Радиостанция не установлена. На опытном образце её нет, потому что серийной танковой радиостанции в стране не существует. Есть пехотные, есть авиационные. Танковых нет. Нужна разработка с нуля: компактная, вибростойкая, с дальностью хотя бы десять километров. Без связи танк на поле боя глух и слеп.

Ходовая. Траки из марганцовистой стали, износ приемлемый. Но подвеска пружинная, без амортизаторов, на высоких скоростях даёт сильную раскачку. Экипаж будет измотан через час хода по пересечённой местности.

Три страницы замечаний. Три страницы болезней, каждая из которых требовала времени, денег и людей. Кошкин записывал и считал в уме. Левый фрикцион – две недели. Коробка передач – три месяца. Оптика неделя, если ленинградцы ответят. Вентиляция месяц. Радио полгода минимум, и это не его задача. Ходовая – можно жить, на первое время.

Когда закончили, старший полковник, седой, с орденом Красного Знамени, артиллерист, видевший машины и получше и похуже, сказал:

– Машина перспективна. При устранении замечаний может быть рекомендована к принятию на вооружение.

Перспективна. Одно слово.
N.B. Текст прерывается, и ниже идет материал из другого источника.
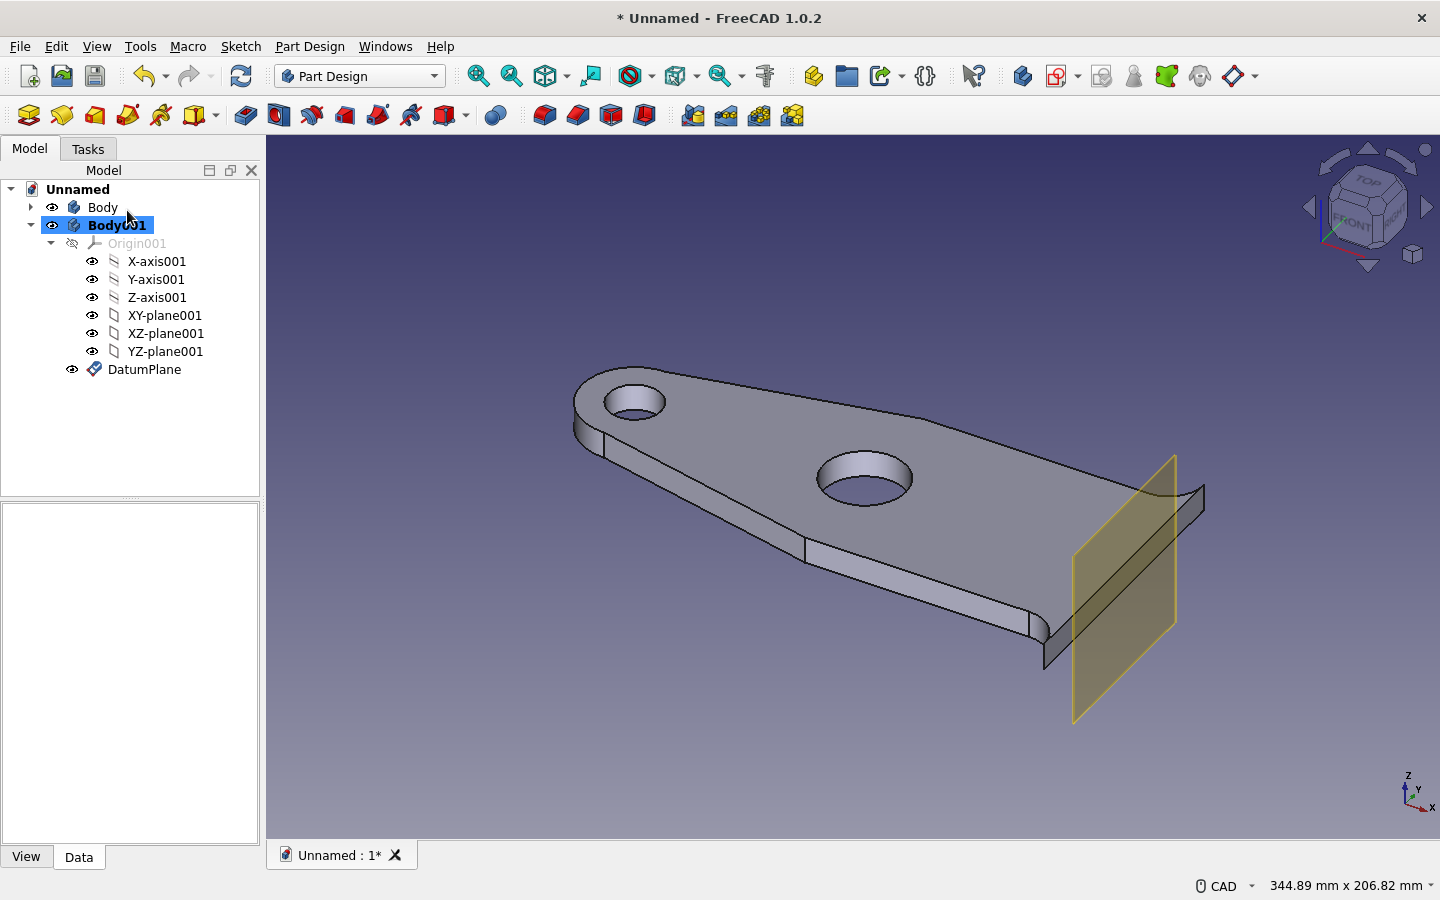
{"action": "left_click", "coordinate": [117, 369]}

И за ним открывалась дорога длиной в два года, от опытного образца до конвейера. Государственные испытания летом. Утверждение в серию осенью. Первые серийные машины к весне сорокового. А потом тысячи, десятки тысяч. Т‑34. Танк, который изменит войну.

Кошкин взял список замечаний, сложил вчетверо, убрал в карман. На лице ни радости, ни облегчения. Только усталость и сосредоточенность человека, для которого каждое замечание было не упрёком, а задачей. Три месяца. Нужно три месяца, чтобы исправить всё, подготовить машину к государственным испытаниям и доказать, что А‑32 не «перспективная», а лучшая в мире.

Комиссия уехала, три машины по замёрзшей дороге в сторону Харькова. Кошкин остался на полигоне, хотя заводские уже загоняли танк обратно в цех. Стоял на ветру, без шапки, и смотрел, как А‑32 медленно заползает в ворота. Низкая, приземистая, с наклонной бронёй, похожая на огромного жука, возвращающегося в нору.

Рядом стоял его заместитель Морозов, молодой инженер с круглым лицом и внимательными глазами. Морозов работал с Кошкиным два года и знал его привычки: после каждых испытаний Кошкин молчал полчаса, обдумывая увиденное, а потом диктовал записку, быстро, точно, без лишних слов, и эта записка становилась планом работы на следующие недели.

– Михаил Ильич, может, в цех? Замёрзнете.

Кошкин не ответил. Закашлялся. Долго, сухо, надрывно, согнувшись пополам и упершись руками в колени. Кашель не отпускал секунд двадцать, глухой, лающий, такой, от которого у стоящих рядом сжимается что‑то внутри.

– Ничего, – сказал Кошкин, выпрямляясь и вытирая глаза. – Простуда. Пройдёт.

Морозов промолчал. Он слышал эту «простуду» уже третий месяц, с ноября, когда Кошкин промок на испытаниях ходовой и не переоделся, а просидел четыре часа в мокрой гимнастёрке, потому что не хотел уходить от танка. С тех пор кашель не отпускал. Но спорить с Кошкиным было бесполезно: человек, способный работать по двадцать часов в сутки, не станет тратить время на врачей.

Доклад лёг на стол Сергея через три дня, с фельдъегерской почтой, в запечатанном пакете. Сергей прочитал его дважды. Первый раз быстро, второй медленно, слово за словом.

«Машина перспективна и при устранении замечаний может быть рекомендована к принятию на вооружение».

Сухие слова на казённой бумаге. А за ними танк, который через два года станет кошмаром вермахта. Машина, перед которой немецкие 37‑миллиметровые противотанковые пушки окажутся бесполезны. Машина, к которой немцы не будут готовы, потому что ничего подобного нет ни у кого в мире.

Но за цифрами доклада стояло другое. Кошкин. Человек, который не умел останавливаться, не умел беречь себя, не умел болеть. Если его не заставить, сгорит.

Сергей взял карандаш и написал на полях: «Кошкину обеспечить всё необходимое. Люди, станки, материалы. Приоритет высший.».